Concrètement, nous avons mis l’accent sur le travail de terrain, discrètement et efficacement. Vous constatez bien que nous ne sommes pas impliqués dans le jeu de massacres et de folies qui s’étale sur les plateaux de télévision. Ce n’est pas cela la politique et ce n’est pas cela dont notre pays a besoin en ce moment. Nous sommes en train de structurer les régions, en nous appuyant sur des personnes sûres, de vrais militants, de vrais patriotes et non des opportunistes et des aventuriers qui nous ont assailli par grappes au début. Certains arrivaient en croyant trouver du travail, en croyant trouver de l’argent, en portant des discours de trahison de leur ancien parti. Ces siglés sont tous partis et nous pouvons travailler et avancer de façon ordonnée. Donnez-nous le temps, soyez patients et vous verrez ce que nous allons faire.

Mais on vous voit plus en action et sur tous les fronts ?

Mais bien sûr que oui, et c’est ça le sens du sacrifice et de l’engagement d’un leader, d’un chef des troupes, d’un porteur d’espérances et d’ambitions pour de grandes causes. Je m’appelle quand même Shanda Tonme et pas monsieur n’importe qui ou le grand n’importe comment. Je suis connu et j’ai un passé, un bilan et un discours clair et précis. Je suis le chef qui énonce la ligne et trace les orientations doctrinales et idéologiques, et je suis la première référence morale et éthique du parti. Presque chaque jour, je prends position, je montre le chemin, je trace les lignes et les structures à la base débattent, approuvent, intègrent et popularisent. Nous avançons et fermement.

Je voudrais ensuite vous dire que gérer un parti politique c’est bâtir des passerelles chaque jour, c’est réinventer de nouvelles cordes à chaque instant pour tenir les renforcer les brebis et positionner le berger, c’est tenir ferme le socle d’une idéologie et des doctrines avec ou sans les moyens matériels et humains. Le MPDR n’a que deux ans, mais aucun autre parti existant n’a autant fait parler de lui en termes de littératures indicatives sur ses positions, ses doctrines et ses orientations. Notre capacité de travail et de mobilisation didactique est sans limites et sans comparaison.

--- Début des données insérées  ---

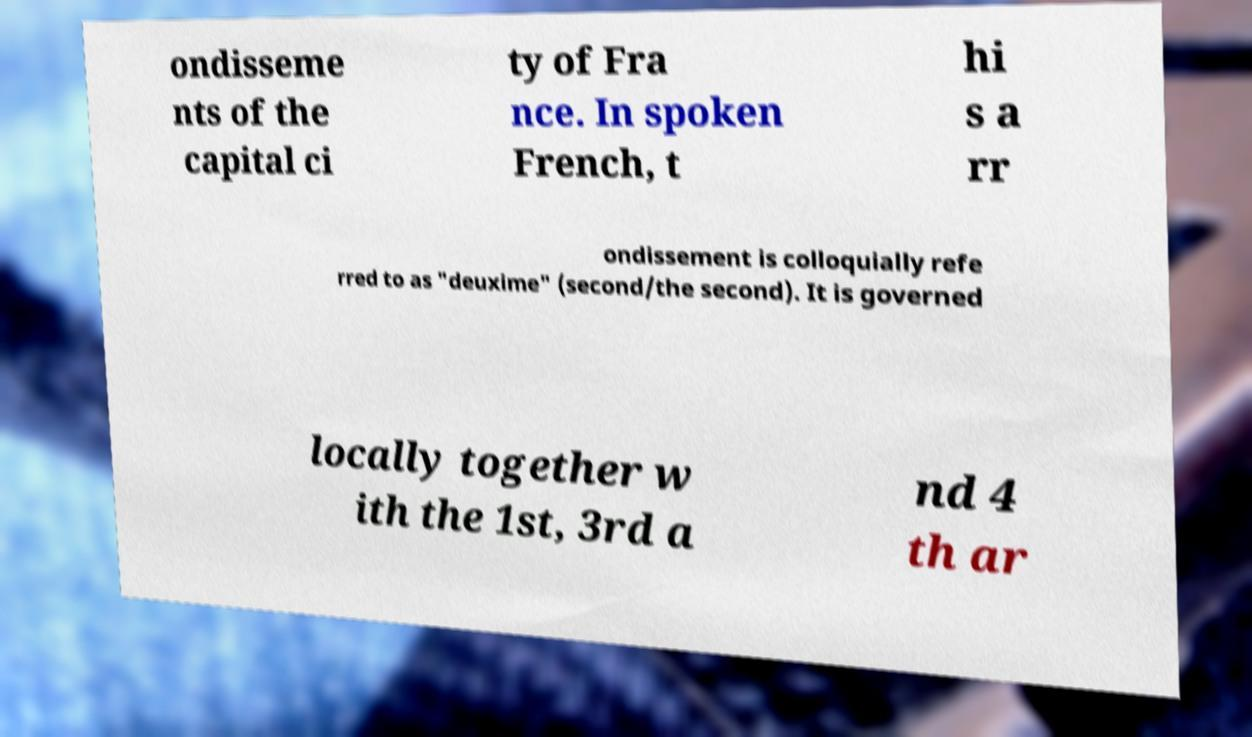There's text embedded in this image that I need extracted. Can you transcribe it verbatim? ondisseme nts of the capital ci ty of Fra nce. In spoken French, t hi s a rr ondissement is colloquially refe rred to as "deuxime" (second/the second). It is governed locally together w ith the 1st, 3rd a nd 4 th ar 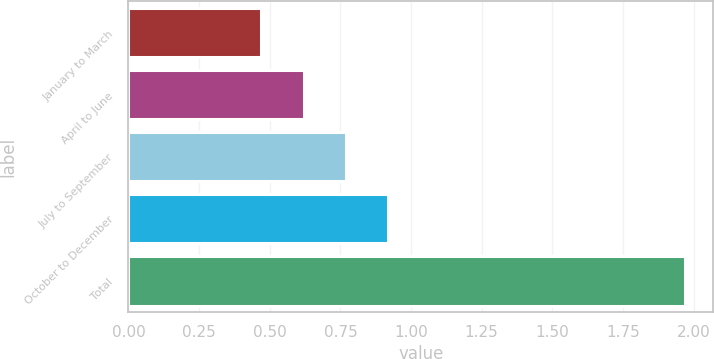Convert chart to OTSL. <chart><loc_0><loc_0><loc_500><loc_500><bar_chart><fcel>January to March<fcel>April to June<fcel>July to September<fcel>October to December<fcel>Total<nl><fcel>0.47<fcel>0.62<fcel>0.77<fcel>0.92<fcel>1.97<nl></chart>

Monsieur le Président et Médiateur, une dernière question : Cabral Libi qui dit qu’il va prendre Etoudi en 2024. Qu’en pensez-vous ?

Voilà un jeune extraordinaire pour qui je déborde d’admiration. Il vaut mieux faire envie que de faire pitié, et voilà un leader politique qui montre le chemin et prône la gloire. Quoi de plus normal ? Un parti est créé pour cela, pour le succès, pour la propulsion au sommet de son chef et des ses idées. Toutefois, le chemin est encombré de concurrents et de prétendants, les uns plus réalistes ou plus préparés que les autres, mais tous méritent de la considération. Il demeure que partir à point, c’est mieux, et partir en étant certain de maîtriser les obstacles et de bien connaître ses capacités ainsi que celles des concurrents, c’est encore mieux. Le MPDR ne fera de cadeau à personne, mais le MPDR ne gênera ni ne combattra personne qui porte les idéaux du dialogue et de la réconciliation, et qui affiche des ambitions et un programme noble, honnête et efficace pour le destin du Cameroun. A tous, je conseillerai seulement de faire très attention à Shanda Tonme. Le match pourrait en effet s’avérer plus compliqué./.